## [What the task asks]
Copy out the entries below exactly as they stand, but only from the line containing "#2 ink cartridge" through the line containing "#15 sauce bottle <box>443,273,473,290</box>".

## [Stored records]
■ ■ ■ ■ ■

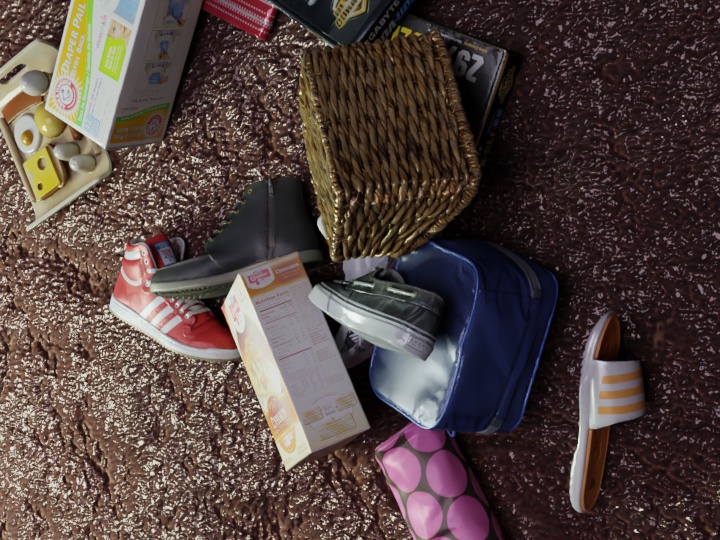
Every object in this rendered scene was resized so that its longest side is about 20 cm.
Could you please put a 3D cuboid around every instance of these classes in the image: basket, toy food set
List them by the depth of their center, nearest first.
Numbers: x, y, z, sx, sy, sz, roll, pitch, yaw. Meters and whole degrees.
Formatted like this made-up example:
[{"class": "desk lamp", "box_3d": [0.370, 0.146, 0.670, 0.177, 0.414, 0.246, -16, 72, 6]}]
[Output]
[{"class": "basket", "box_3d": [0.026, -0.116, 1.287, 0.148, 0.143, 0.201, -9, 59, -9]}, {"class": "toy food set", "box_3d": [-0.407, -0.168, 1.636, 0.143, 0.060, 0.201, -30, 78, 28]}]

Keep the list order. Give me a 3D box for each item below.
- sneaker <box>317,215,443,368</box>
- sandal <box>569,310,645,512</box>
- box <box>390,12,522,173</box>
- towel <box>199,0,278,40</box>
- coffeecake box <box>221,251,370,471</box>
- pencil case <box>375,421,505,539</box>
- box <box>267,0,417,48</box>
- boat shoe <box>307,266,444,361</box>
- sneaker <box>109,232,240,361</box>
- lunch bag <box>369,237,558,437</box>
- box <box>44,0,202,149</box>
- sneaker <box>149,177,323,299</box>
[{"class": "sneaker", "box_3d": [0.000, 0.000, 1.400, 0.115, 0.075, 0.201, 35, 105, 24]}, {"class": "sandal", "box_3d": [0.248, 0.141, 1.263, 0.059, 0.079, 0.209, 11, 108, 28]}, {"class": "box", "box_3d": [0.054, -0.184, 1.368, 0.199, 0.049, 0.161, 26, 104, 27]}, {"class": "towel", "box_3d": [-0.126, -0.382, 1.476, 0.144, 0.022, 0.201, 30, 110, 23]}, {"class": "coffeecake box", "box_3d": [-0.074, 0.101, 1.403, 0.201, 0.073, 0.154, 67, 163, 10]}, {"class": "pencil case", "box_3d": [0.085, 0.256, 1.360, 0.093, 0.090, 0.201, -33, 75, 35]}, {"class": "box", "box_3d": [0.002, -0.333, 1.353, 0.159, 0.046, 0.201, 39, 94, 27]}, {"class": "boat shoe", "box_3d": [0.022, 0.034, 1.268, 0.199, 0.072, 0.071, 21, 79, 55]}, {"class": "sneaker", "box_3d": [-0.212, 0.027, 1.527, 0.199, 0.071, 0.113, 23, 108, 30]}, {"class": "lunch bag", "box_3d": [0.108, 0.072, 1.303, 0.136, 0.131, 0.202, 33, 112, 50]}, {"class": "box", "box_3d": [-0.275, -0.257, 1.515, 0.112, 0.101, 0.201, 31, 116, 25]}, {"class": "sneaker", "box_3d": [-0.147, -0.034, 1.468, 0.198, 0.075, 0.107, -13, 79, 3]}]
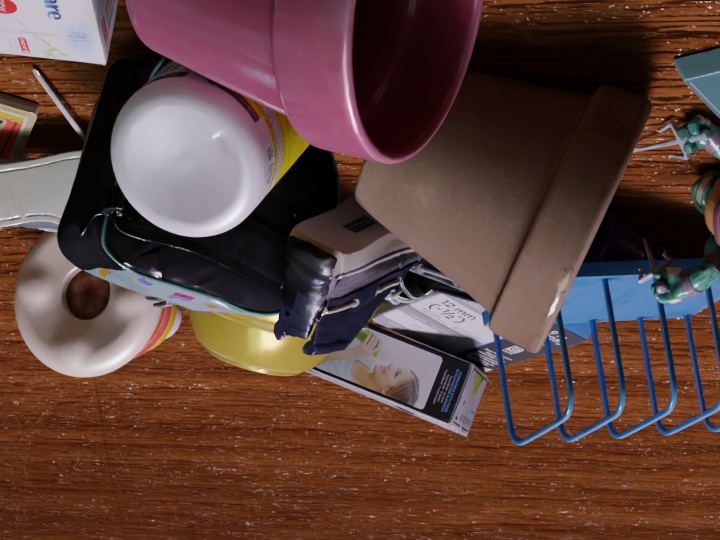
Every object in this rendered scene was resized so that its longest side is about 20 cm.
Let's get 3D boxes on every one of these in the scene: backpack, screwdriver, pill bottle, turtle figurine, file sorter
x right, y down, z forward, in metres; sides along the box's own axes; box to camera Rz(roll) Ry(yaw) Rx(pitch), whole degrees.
[{"bbox_3d":[-0.121,-0.056,1.538,0.199,0.178,0.153,20,168,-27],"label":"backpack"},{"bbox_3d":[-0.225,-0.103,1.642,0.028,0.029,0.200,-1,154,19],"label":"screwdriver"},{"bbox_3d":[-0.088,-0.107,1.381,0.108,0.200,0.110,7,115,15],"label":"pill bottle"},{"bbox_3d":[0.273,-0.043,1.512,0.100,0.151,0.200,-7,-162,-13],"label":"turtle figurine"},{"bbox_3d":[0.222,0.068,1.648,0.198,0.124,0.139,-2,163,-19],"label":"file sorter"}]

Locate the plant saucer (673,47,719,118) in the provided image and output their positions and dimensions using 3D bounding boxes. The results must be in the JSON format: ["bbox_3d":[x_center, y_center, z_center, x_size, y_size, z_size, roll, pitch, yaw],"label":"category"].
[{"bbox_3d":[0.306,-0.108,1.477,0.069,0.019,0.200,-11,148,36],"label":"plant saucer"}]

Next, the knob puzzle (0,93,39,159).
[{"bbox_3d":[-0.374,-0.108,1.675,0.217,0.031,0.220,6,156,3],"label":"knob puzzle"}]

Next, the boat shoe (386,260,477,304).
[{"bbox_3d":[0.039,-0.006,1.672,0.198,0.069,0.073,10,166,41],"label":"boat shoe"}]

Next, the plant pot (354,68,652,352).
[{"bbox_3d":[0.095,-0.066,1.462,0.173,0.201,0.201,26,156,4],"label":"plant pot"}]

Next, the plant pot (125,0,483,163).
[{"bbox_3d":[-0.039,-0.181,1.245,0.178,0.201,0.200,15,160,25],"label":"plant pot"}]

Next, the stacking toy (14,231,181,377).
[{"bbox_3d":[-0.214,0.035,1.849,0.145,0.148,0.200,-1,169,19],"label":"stacking toy"}]

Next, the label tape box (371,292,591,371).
[{"bbox_3d":[0.127,0.018,1.747,0.143,0.067,0.199,26,152,-34],"label":"label tape box"}]

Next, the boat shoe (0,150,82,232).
[{"bbox_3d":[-0.245,-0.065,1.659,0.198,0.074,0.062,-1,-170,5],"label":"boat shoe"}]

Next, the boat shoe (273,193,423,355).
[{"bbox_3d":[0.000,0.000,1.538,0.074,0.094,0.199,28,-154,27],"label":"boat shoe"}]

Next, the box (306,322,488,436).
[{"bbox_3d":[0.011,0.083,1.830,0.198,0.061,0.117,22,175,15],"label":"box"}]

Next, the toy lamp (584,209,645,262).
[{"bbox_3d":[0.146,-0.045,1.618,0.199,0.059,0.058,26,150,-29],"label":"toy lamp"}]

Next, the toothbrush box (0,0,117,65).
[{"bbox_3d":[-0.266,-0.218,1.338,0.198,0.087,0.146,6,156,2],"label":"toothbrush box"}]

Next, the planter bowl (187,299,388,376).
[{"bbox_3d":[-0.081,0.036,1.706,0.198,0.084,0.200,14,-168,-3],"label":"planter bowl"}]
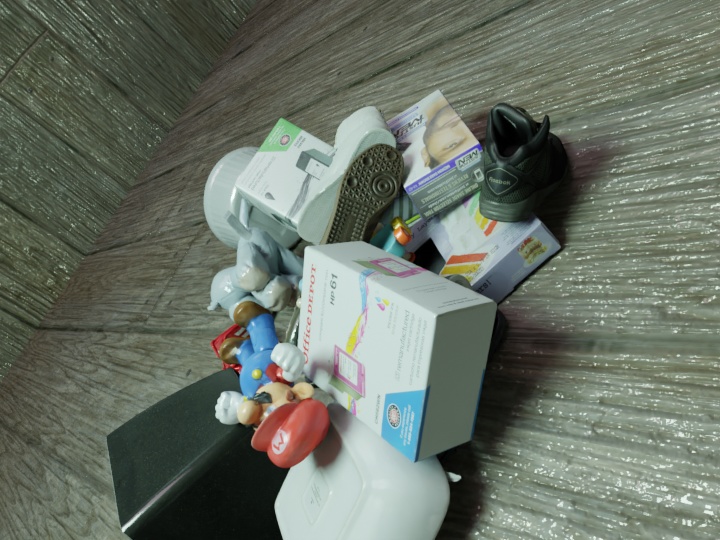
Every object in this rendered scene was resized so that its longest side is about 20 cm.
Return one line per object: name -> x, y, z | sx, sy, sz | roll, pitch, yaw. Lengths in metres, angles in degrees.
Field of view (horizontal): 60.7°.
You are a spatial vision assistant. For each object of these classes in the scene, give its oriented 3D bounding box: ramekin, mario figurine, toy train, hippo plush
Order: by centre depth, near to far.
mario figurine -> -0.106, 0.115, 0.628 | 0.105, 0.125, 0.200 | -23, 39, -14
toy train -> 0.000, 0.000, 0.819 | 0.199, 0.056, 0.151 | -3, 51, 58
hippo plush -> -0.192, 0.024, 1.025 | 0.161, 0.200, 0.160 | -44, 9, 25
ramekin -> -0.184, -0.126, 1.155 | 0.097, 0.200, 0.202 | 22, 74, 51

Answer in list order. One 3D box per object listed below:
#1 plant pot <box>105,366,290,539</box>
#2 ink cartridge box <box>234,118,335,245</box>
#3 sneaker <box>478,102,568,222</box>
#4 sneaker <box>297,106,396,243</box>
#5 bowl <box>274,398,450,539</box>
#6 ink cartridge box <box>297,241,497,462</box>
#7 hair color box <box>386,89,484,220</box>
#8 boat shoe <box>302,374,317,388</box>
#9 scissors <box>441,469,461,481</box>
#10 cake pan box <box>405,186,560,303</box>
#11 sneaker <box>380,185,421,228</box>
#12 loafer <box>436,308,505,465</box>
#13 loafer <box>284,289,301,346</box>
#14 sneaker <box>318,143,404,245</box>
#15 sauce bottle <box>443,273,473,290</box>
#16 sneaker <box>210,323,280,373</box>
plant pot -> -0.166, 0.244, 0.751 | 0.177, 0.200, 0.200 | -42, 30, -9
ink cartridge box -> -0.084, -0.139, 1.031 | 0.199, 0.084, 0.147 | 31, 81, 15
sneaker -> 0.196, -0.145, 0.708 | 0.075, 0.116, 0.199 | 18, 37, 28
sneaker -> -0.022, -0.138, 0.876 | 0.200, 0.073, 0.116 | -49, 26, 25
bowl -> -0.016, 0.234, 0.620 | 0.202, 0.074, 0.200 | -63, 30, 10
ink cartridge box -> 0.023, 0.068, 0.610 | 0.199, 0.084, 0.147 | 27, 117, 48
hair color box -> 0.097, -0.164, 0.839 | 0.108, 0.065, 0.201 | -30, 36, 10
boat shoe -> -0.002, 0.135, 0.759 | 0.199, 0.071, 0.066 | -19, 75, 43
scissors -> 0.035, 0.199, 0.641 | 0.200, 0.014, 0.074 | -38, 43, 48
cake pan box -> 0.125, -0.022, 0.776 | 0.200, 0.052, 0.185 | -43, 29, 15
sneaker -> 0.066, -0.109, 0.914 | 0.200, 0.081, 0.074 | -46, 31, 8
loafer -> 0.088, 0.115, 0.662 | 0.071, 0.063, 0.202 | 7, 64, 54
loafer -> -0.060, 0.056, 0.927 | 0.069, 0.075, 0.202 | -26, 32, 53
sneaker -> -0.010, -0.066, 0.765 | 0.202, 0.070, 0.076 | -64, 6, -18
sauce bottle -> 0.046, 0.046, 0.698 | 0.199, 0.066, 0.067 | -26, 37, 50
sneaker -> -0.190, 0.166, 0.922 | 0.078, 0.115, 0.202 | -31, 36, 28
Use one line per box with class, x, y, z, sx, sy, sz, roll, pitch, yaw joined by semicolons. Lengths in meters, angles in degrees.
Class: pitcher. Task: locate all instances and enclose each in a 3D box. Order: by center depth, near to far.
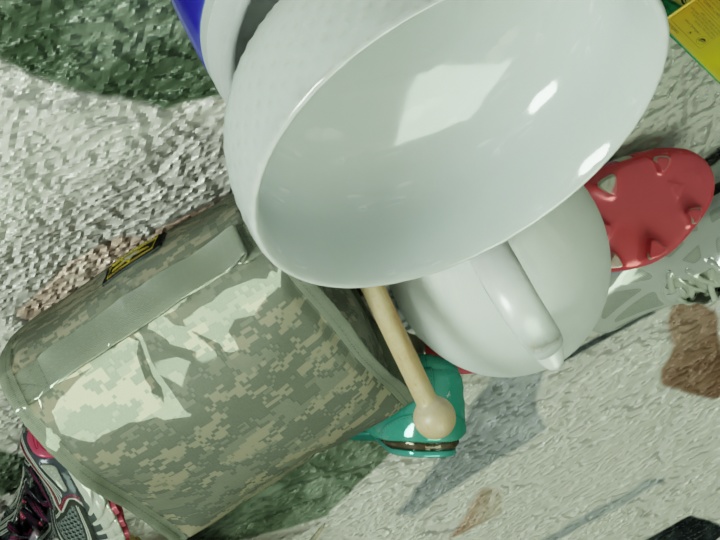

■ ■ ■ ■ ■

## [Output of the exercise]
#2 ink cartridge box <box>234,118,335,245</box>
#3 sneaker <box>478,102,568,222</box>
#4 sneaker <box>297,106,396,243</box>
#5 bowl <box>274,398,450,539</box>
#6 ink cartridge box <box>297,241,497,462</box>
#7 hair color box <box>386,89,484,220</box>
#8 boat shoe <box>302,374,317,388</box>
#9 scissors <box>441,469,461,481</box>
#10 cake pan box <box>405,186,560,303</box>
#11 sneaker <box>380,185,421,228</box>
#12 loafer <box>436,308,505,465</box>
#13 loafer <box>284,289,301,346</box>
#14 sneaker <box>318,143,404,245</box>
#15 sauce bottle <box>443,273,473,290</box>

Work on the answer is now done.